Suffused with truth, anger and compassion, Demon Copperhead is an epic tale of love, loss and everything in between.

If you’d like to join the group, email cricklereaders@cricklewoodlibrary.org.uk for more details.

Next meeting: Sunday 11 December, 1030-1130

Cricklereaders October 2022 – Time Shelter by Georgi Gospodinov

This month Cricklereaders will be enjoying Time Shelter by Georgi Gospodinov

‘The most exquisite kind of literature… I’ve put it on a special shelf in my library that I reserve for books that demand to be revisited every now and then. ‘
OLGA TOKARCZUK, author of Drive Your Plow Over the Bones of the Dead

‘Could not be more timely… It’s funny and absurd, but it’s also frightening, because even as Gospodinov plays with the idea as fiction, the reader begins to recognise something rather closer to home… A writer of great warmth as well as skill
GUARDIAN

‘In equal measure playful and profound, Time Shelter renders the philosophical mesmerizing, and the everyday extraordinary. I loved it’
CLAIRE MESSUD, author of The Woman Upstairs

‘A genrebusting novel of ideas… Gospodinov’s vision of tomorrow is the nightmare from which Europe knows it must awake. And accident, in combination with the book’s own merits, may just have created a classic’
THE TIMES

‘Gospodinov is one of Europe’s most fascinating and irreplaceable novelists, and this his most expansive, soulful and mind-bending book’
DAVE EGGERS, author of The Circle

The September group will meet at the library at 1030 on Sunday 30 October. Do join in.

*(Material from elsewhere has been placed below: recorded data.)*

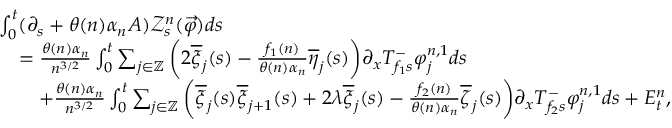Convert formula to latex. <formula><loc_0><loc_0><loc_500><loc_500>\begin{array} { r l } & { \int _ { 0 } ^ { t } ( \partial _ { s } + \theta ( n ) \alpha _ { n } A ) \mathcal { Z } _ { s } ^ { n } ( \overrightarrow { \varphi } ) d s } \\ & { \quad = \frac { \theta ( n ) \alpha _ { n } } { n ^ { 3 / 2 } } \int _ { 0 } ^ { t } \sum _ { j \in \mathbb { Z } } \left ( 2 \overline { \xi } _ { j } ( s ) - \frac { f _ { 1 } ( n ) } { \theta ( n ) \alpha _ { n } } \overline { \eta } _ { j } ( s ) \right ) \partial _ { x } T _ { f _ { 1 } s } ^ { - } \varphi _ { j } ^ { n , 1 } d s } \\ & { \quad + \frac { \theta ( n ) \alpha _ { n } } { n ^ { 3 / 2 } } \int _ { 0 } ^ { t } \sum _ { j \in \mathbb { Z } } \left ( \overline { \xi } _ { j } ( s ) \overline { \xi } _ { j + 1 } ( s ) + 2 \lambda \overline { \xi } _ { j } ( s ) - \frac { f _ { 2 } ( n ) } { \theta ( n ) \alpha _ { n } } \overline { \zeta } _ { j } ( s ) \right ) \partial _ { x } T _ { f _ { 2 } s } ^ { - } \varphi _ { j } ^ { n , 1 } d s + E _ { t } ^ { n } , } \end{array}</formula> 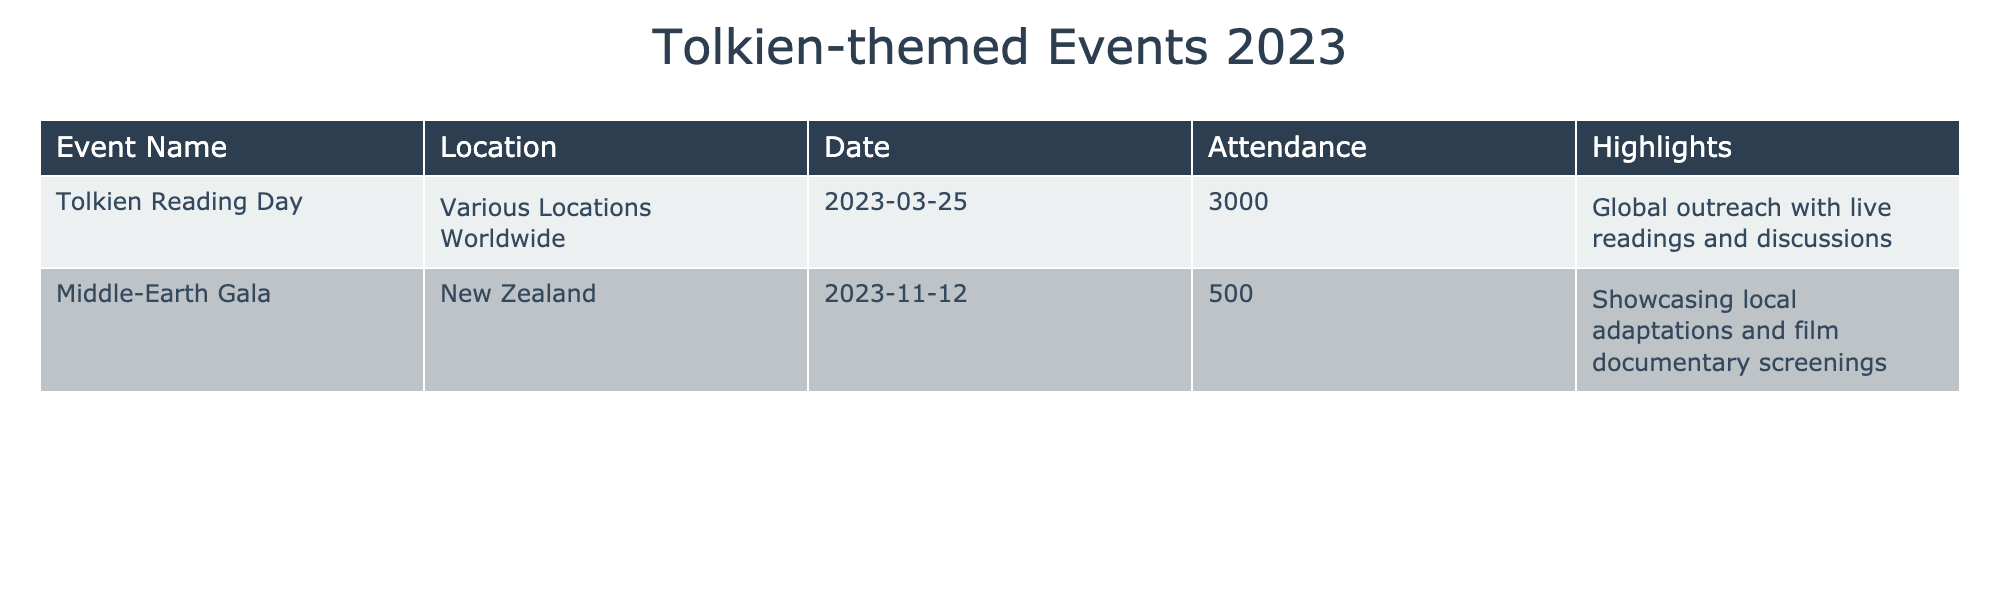What is the total attendance for the Tolkien-themed events listed in the table? To find the total attendance, we need to sum the attendance figures from both events: 3000 (Tolkien Reading Day) + 500 (Middle-Earth Gala) = 3500.
Answer: 3500 Which event had the highest attendance? The Tolkien Reading Day had an attendance of 3000, while the Middle-Earth Gala had an attendance of 500. Therefore, the Tolkien Reading Day had the highest attendance.
Answer: Tolkien Reading Day Did any of the events focus on adaptations of Tolkien's work? The Middle-Earth Gala specifically mentioned showcasing local adaptations, while the Tolkien Reading Day did not mention this focus. Thus, the answer is yes.
Answer: Yes What date did the Tolkien Reading Day occur? The date for the Tolkien Reading Day is listed as March 25, 2023, in the table.
Answer: March 25, 2023 If we compare both events, what is the difference in attendance between the Tolkien Reading Day and the Middle-Earth Gala? The attendance for the Tolkien Reading Day is 3000, and for the Middle-Earth Gala, it is 500. The difference is calculated as 3000 - 500 = 2500.
Answer: 2500 Which location hosted the Middle-Earth Gala? The table specifies that the Middle-Earth Gala was held in New Zealand.
Answer: New Zealand How many events were held on the same date? The table lists two events, and each took place on different dates (March 25 and November 12). Thus, the answer is zero events on the same date.
Answer: 0 What unique feature does the Tolkien Reading Day highlight? The table notes that the Tolkien Reading Day focuses on global outreach with live readings and discussions as its unique feature.
Answer: Global outreach with live readings and discussions What is the significance of the dates for the events in relation to Tolkien's legacy? The Tolkien Reading Day is specifically recognized as a day to celebrate Tolkien’s works, while the Middle-Earth Gala, occurring later in the year, focuses on adaptations. Both events are significant in honoring his legacy at different times.
Answer: Significant in honoring Tolkien's legacy at different times

Cricklereaders September 2022 – Things We Lost to the Water by Eric Nguyen

This month Cricklereaders will be enjoying Things We Lost to the Water by Eric Nguyen

A captivating novel about an immigrant Vietnamese family who settles in New Orleans and struggles to remain connected to one another as their lives are inextricably reshaped. This stunning debut is “vast in scale and ambition, while luscious and inviting … in its intimacy” (The New York Times Book Review).

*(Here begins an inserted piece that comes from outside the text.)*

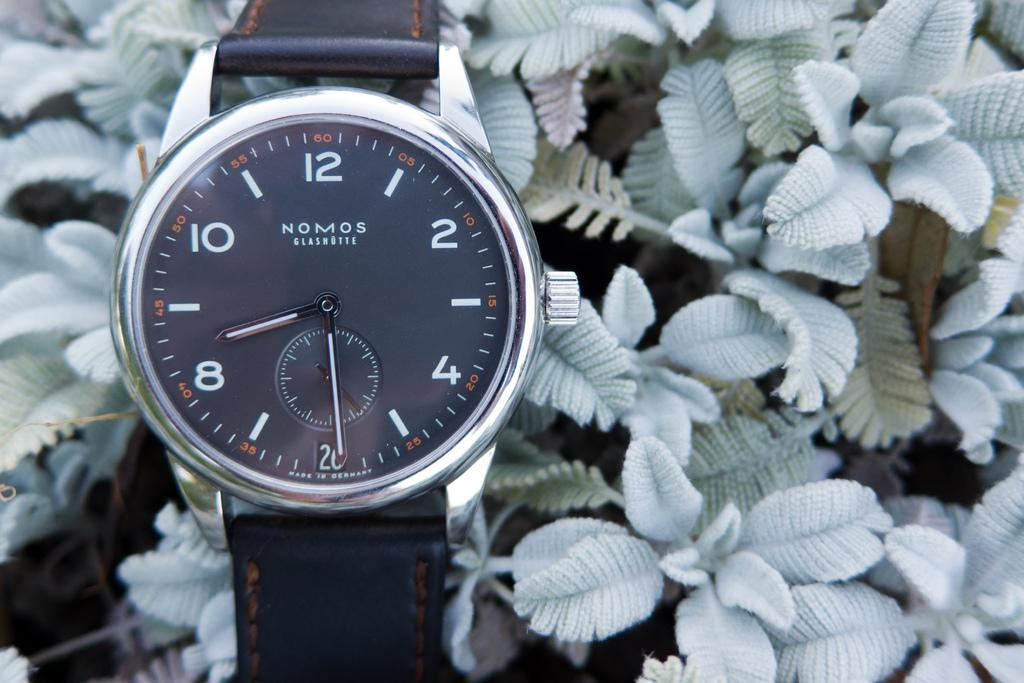<image>
Render a clear and concise summary of the photo. A Nomos brand watch is sitting over a bed of plant leaves.

When Huong arrives in New Orleans with her two young sons, she is jobless, homeless, and worried about her husband, Cong, who remains in Vietnam. As she and her boys begin to settle in to life in America, she continues to send letters and tapes back to Cong, hopeful that they will be reunited and her children will grow up with a father.

The September group will meet at the library at 1030 on Sunday 18 September. Do join in.

Cricklereaders August 2022 – Crying in H Mart by Michelle Zauner

This month Cricklereaders will be enjoying Crying in H Mart by Michelle Zauner.

From the indie rockstar Japanese Breakfast, an unflinching, powerful, deeply moving memoir about growing up mixed-race, Korean food, losing her Korean mother, and forging her own identity.

In this exquisite story of family, food, grief, and endurance, Michelle Zauner proves herself far more than a dazzling singer, songwriter, and guitarist. With humour and heart, she tells of growing up the only Asian-American kid at her school in Eugene, Oregon; of struggling with her mother’s particular, high expectations of her; of a painful adolescence; of treasured months spent in her grandmother’s tiny apartment in Seoul, where she and her mother would bond, late at night, over heaping plates of food.

As she grew up, moving to the east coast for college, finding work in the restaurant industry, performing gigs with her fledgling band – and meeting the man who would become her husband – her Koreanness began to feel ever more distant, even as she found the life she wanted to live.

It was her mother’s diagnosis of terminal pancreatic cancer, when Michelle was twenty-five, that forced a reckoning with her identity and brought her to reclaim the gifts of taste, language, and history her mother had given her.

Vivacious and plainspoken, lyrical and honest, Michelle Zauner’s voice is as radiantly alive on the page as it is onstage. Rich with intimate anecdotes that will resonate widely, Crying in H Mart is a book to cherish, share, and reread.

The August group will meet at the library at 1030 on Sunday7 August. Do join in.